Progress on brain-machine interface offers hope for long-term amputees

Chicago researchers help monkey

amputees control robot arm with their brains

The research advances hope for future robotic prosthetics from which amputees would receive sensory feedback on the limb’s position and what it is touching, according to the neuroscientists and biologists who carried out the study. They found that the brains of the subject generated news connections to control the robotic limb, even if the electrodes that facilitated that control were not implanted until several years after the limb was amputated.

amputees
The monkeys were trained to reach for and grasp a ball with a remote robotic arm

Published in Nature Communications, the research involved implanting an array of electrodes into Rhesus monkeys who had previously had arms amputated (in response to injuries at an early age, they stress; not for this research). In two animals, the electrodes were placed in the motor cortex on the opposite side of the brain to the missing limb, but in a third, they were placed on the same side.

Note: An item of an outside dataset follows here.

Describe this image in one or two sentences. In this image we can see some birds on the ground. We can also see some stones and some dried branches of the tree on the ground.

The monkeys were then trained (bribed by helpings of fruit juice) to control a robotic arm to grasp a ball, using only their minds. During this activity, the researchers monitored the activity of brain cells around the implants, and used statistical techniques to calculate how the cells were connected to each other.

In the monkeys whose electrodes were opposite to their amputations, they found that initially-sparse neuron connections became more dense in areas used for reaching and grasping. But in the monkeys where the electrodes were on the same side, connections were initially dense but then thinned out and subsequently became more dense in a new pattern.

"That means connections were shedding off as the animal was trying to learn a new task, because there is already a network controlling some other behaviour," said Dr Karthikeyan Balasubramanian, who led the study. "But after a few days it started rebuilding into a new network that can control both the intact limb and the neuroprosthetic."

The senior author of the paper, Prof Nicho Hatsopoulos, who specialises in biology and anatomy at the University of Chicago Medical Centre, said that the most significant implication of the research is that long-term amputees can learn to control a robot limb. The study is one of the first to involve amputees; previous research has involved paralysed patients.

In the next phase of the research, the team plans to work with other groups that are developing prostheses equipped with devices for proprioperception — the sense of where a limb is in space — and touch perception. "That's how we can begin to create truly responsive neuroprosthetic limbs, when people can both move it and get natural sensations through the brain machine interface," Hatsopoulos said.